Il y a 40 ans, les Américains âgés de 50 ans avaient une espérance de vie légèrement supérieure aux Européens du même âge. Aujourd’hui, les Américains ont une espérance de vie de 1,5 année plus courte que les Européens. Publiée en juillet dernier dans la revue Social Science & Medecine, une recherche menée par le professeur Pierre-Carl Michaud, du Département des sciences économiques, en collaboration avec des collègues de Harvard, de University of South California (USC) et de la RAND Corporation, lève le voile sur ce renversement de situation et s’interroge sur les impacts de ce phénomène sur les finances publiques.
En s’appuyant sur des enquêtes menées aux États-Unis et en Europe occidentale (Allemagne, Danemark, Espagne, France, Grèce, Italie, Pays-Bas et Suède), les chercheurs se sont aperçus que le principal facteur qui explique cet écart est l’état de santé des gens lorsqu’ils parviennent à l’âge de 50 ans. «Les Européens sont en meilleure santé que les Américains», note Pierre-Carl Michaud.
Pourquoi les Américains sont-ils en moins bonne santé que les Européens quand se pointe la cinquantaine? «Il y avait proportionnellement beaucoup plus de fumeurs aux États-Unis qu’en Europe dans les années 1960 et 1970, précise le jeune chercheur. Ce sont ces gens-là qui atteignent 50 ans aujourd’hui. Or, la cigarette est liée aux maladies cardiaques et au cancer. Le taux d’obésité est aussi plus élevé chez les Américains, entraînant plus de cas de diabète, d’hypertension et de maladies cardiaques.»
Une simulation
Que se passerait-il si les Américains parvenaient à 50 ans en aussi bonne santé que les Européens? «Pour le savoir, nous avons utilisé une méthodologie complexe, qui se résume à octroyer aux Américains le même niveau de santé que les Européens d’ici l’an 2050, en conservant constants tous les autres facteurs, tels que le niveau de vie, les revenus, et l’efficacité du système de santé», explique Pierre-Carl Michaud.
Ses collègues et lui ont pu conclure que si les Américains réussissaient à diminuer leur taux d’obésité à 50 ans, et par le fait même les maladies chroniques qui y sont associées, comme le diabète et l’hypertension, à des niveaux comparables à ceux des Européens, l’espérance de vie serait la même des deux côtés de l’Atlantique. «Ces résultats nous indiquent clairement qu’il ne faut pas se demander ce qui cloche après 50 ans chez les Américains, mais bien pourquoi les Européens parviennent à 50 ans en meilleure santé», souligne le professeur Michaud. Le système de santé américain est peut-être très efficace pour guérir, précise-t-il, mais il l’est beaucoup moins pour prévenir. Voilà peut être une piste de solution…

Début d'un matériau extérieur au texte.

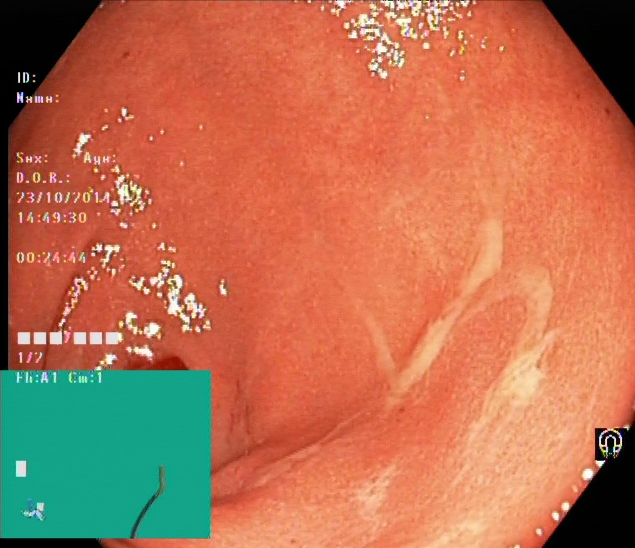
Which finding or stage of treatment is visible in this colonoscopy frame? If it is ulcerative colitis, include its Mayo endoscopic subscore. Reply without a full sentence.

ulcerative colitis, Mayo endoscopic subscore 2
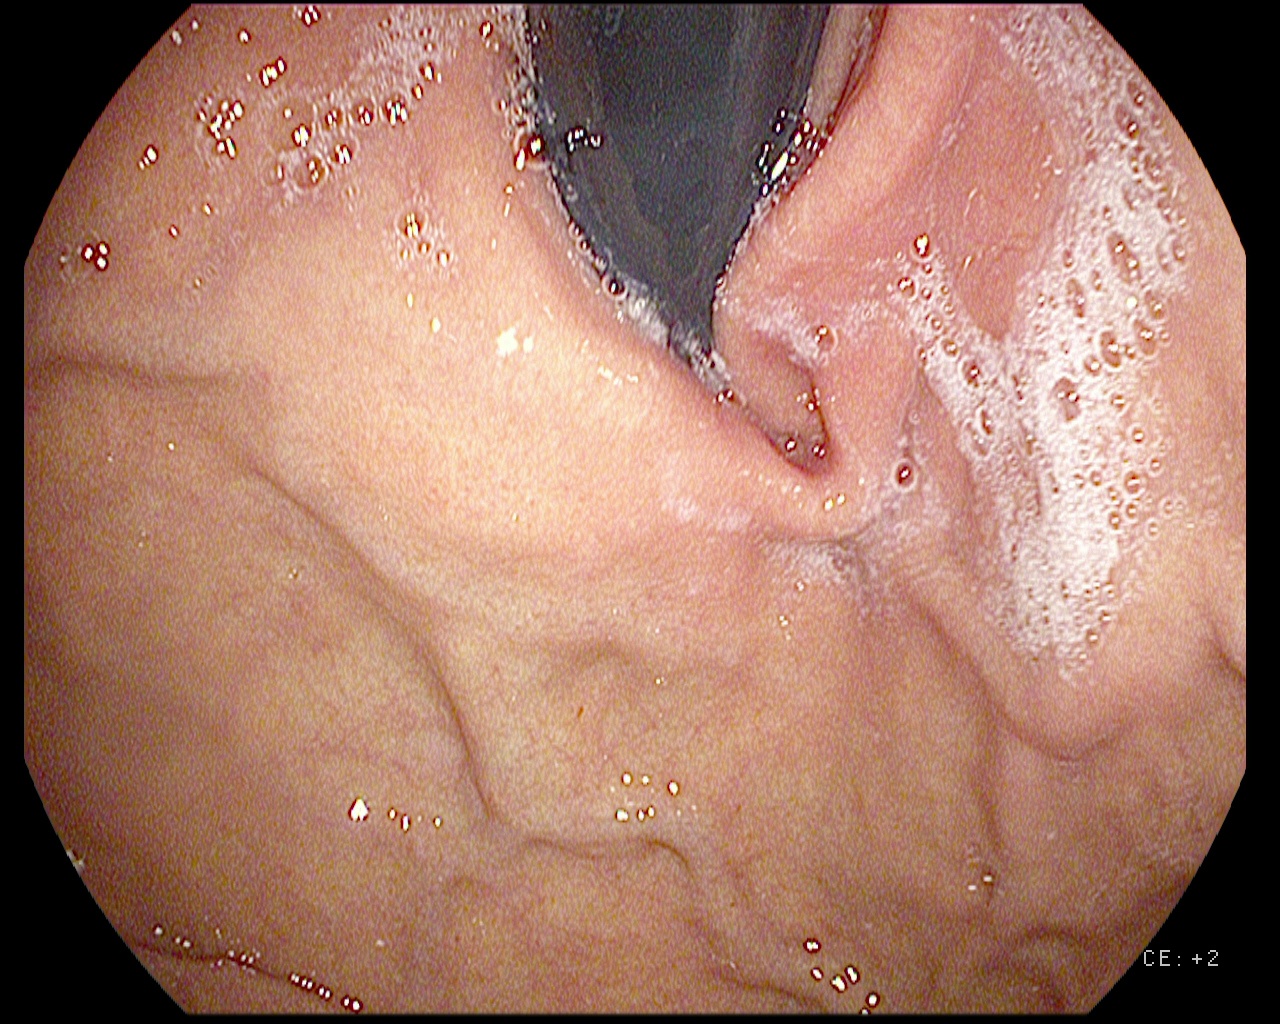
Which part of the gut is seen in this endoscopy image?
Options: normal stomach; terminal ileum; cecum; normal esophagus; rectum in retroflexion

normal stomach
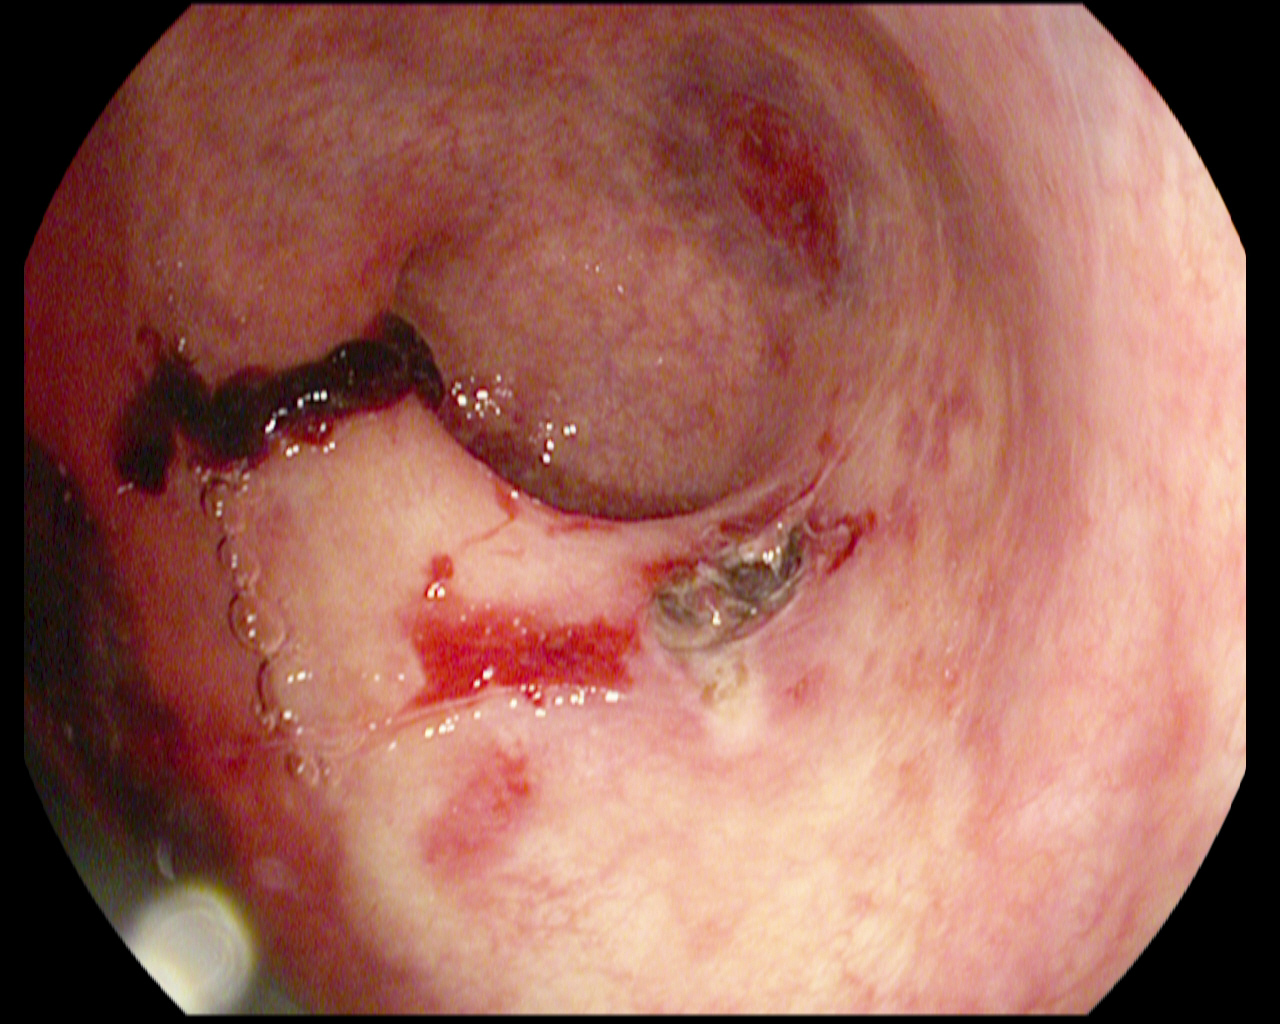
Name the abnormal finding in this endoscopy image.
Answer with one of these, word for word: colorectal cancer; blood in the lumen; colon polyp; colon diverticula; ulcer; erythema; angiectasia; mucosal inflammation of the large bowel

blood in the lumen
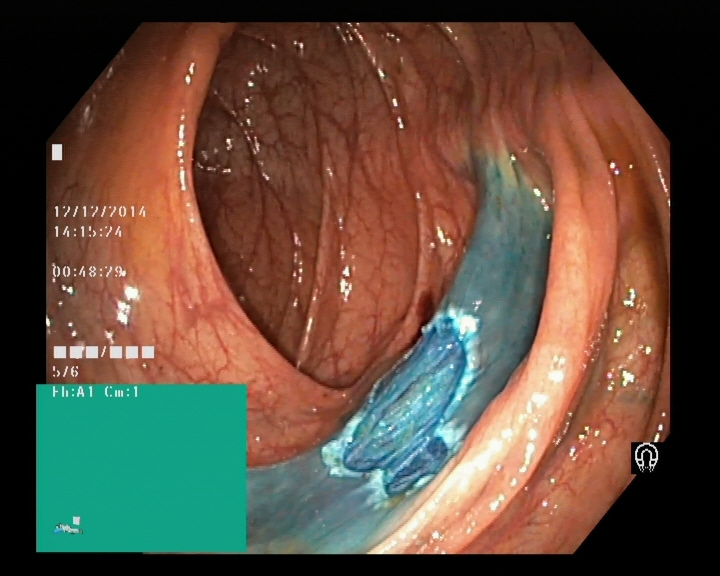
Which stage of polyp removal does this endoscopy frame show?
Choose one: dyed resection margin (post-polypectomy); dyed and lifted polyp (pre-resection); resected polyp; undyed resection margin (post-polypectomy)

dyed resection margin (post-polypectomy)
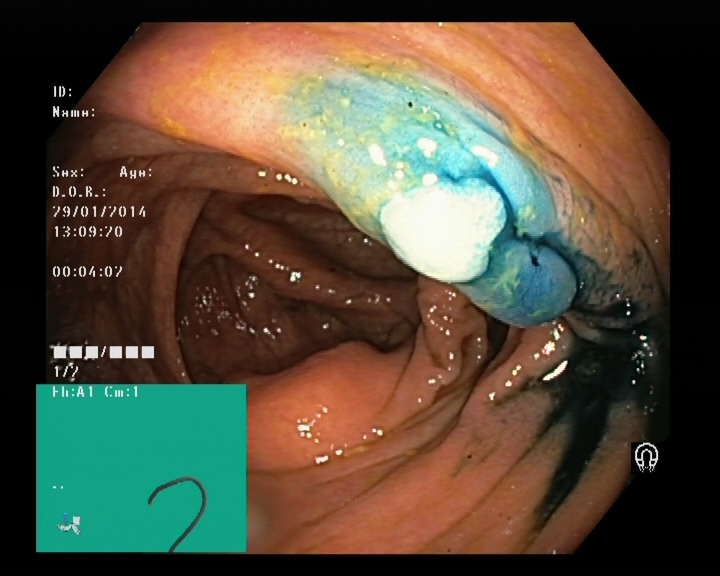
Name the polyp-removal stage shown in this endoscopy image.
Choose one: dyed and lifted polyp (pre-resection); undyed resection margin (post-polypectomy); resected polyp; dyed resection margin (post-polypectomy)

dyed and lifted polyp (pre-resection)
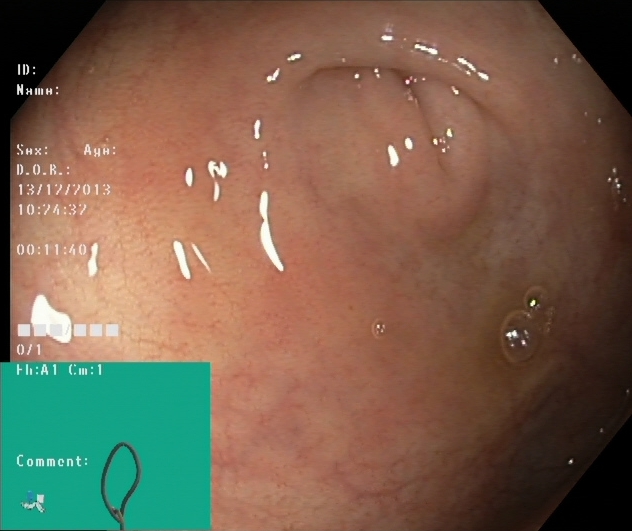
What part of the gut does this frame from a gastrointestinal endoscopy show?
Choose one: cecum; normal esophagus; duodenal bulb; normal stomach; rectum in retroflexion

cecum

Impact sur les finances publiques
Si les Américains réussissaient à donner un coup de barre et à parvenir à l’âge de 50 ans en meilleure santé, et donc à vivre plus longtemps, cela aurait inévitablement des impacts sur les finances publiques. De quel ordre? «L’amélioration de l’état de santé des Américains et l’augmentation de l’espérance de vie coûteraient évidemment plus cher au régime de pension américain, qui subirait une hausse spectaculaire de ses dépenses, mais celles-ci serait largement compensées par une diminution encore plus significative des dépenses en santé», affirme Pierre-Carl Michaud.
Selon les projections effectuées par les chercheurs, l’amélioration de l’état de santé des citoyens âgés de 50 ans permettrait d’économiser plus de 1,1 trillion de dollars au cours des 40 prochaines années, dont 632 milliards retomberaient directement dans les coffres du gouvernement américain, qui finance les programmes Medicare et Medicaid.
D’autres recherches à venir
Le groupe de chercheurs dont fait partie le professeur Michaud a obtenu une importante subvention du National Institute of Health des États-Unis afin d’étudier le stress et le surmenage durant la carrière. «Nous comparerons les marqueurs de stress biologiques avec les expériences de travail vécues par les gens afin de voir si cela influence leur santé générale à l’âge de 50 ans, précise-t-il. Les femmes, qui ont fait massivement leur entrée sur le marché du travail durant la deuxième moitié du XXe siècle, nous intéressent plus particulièrement.»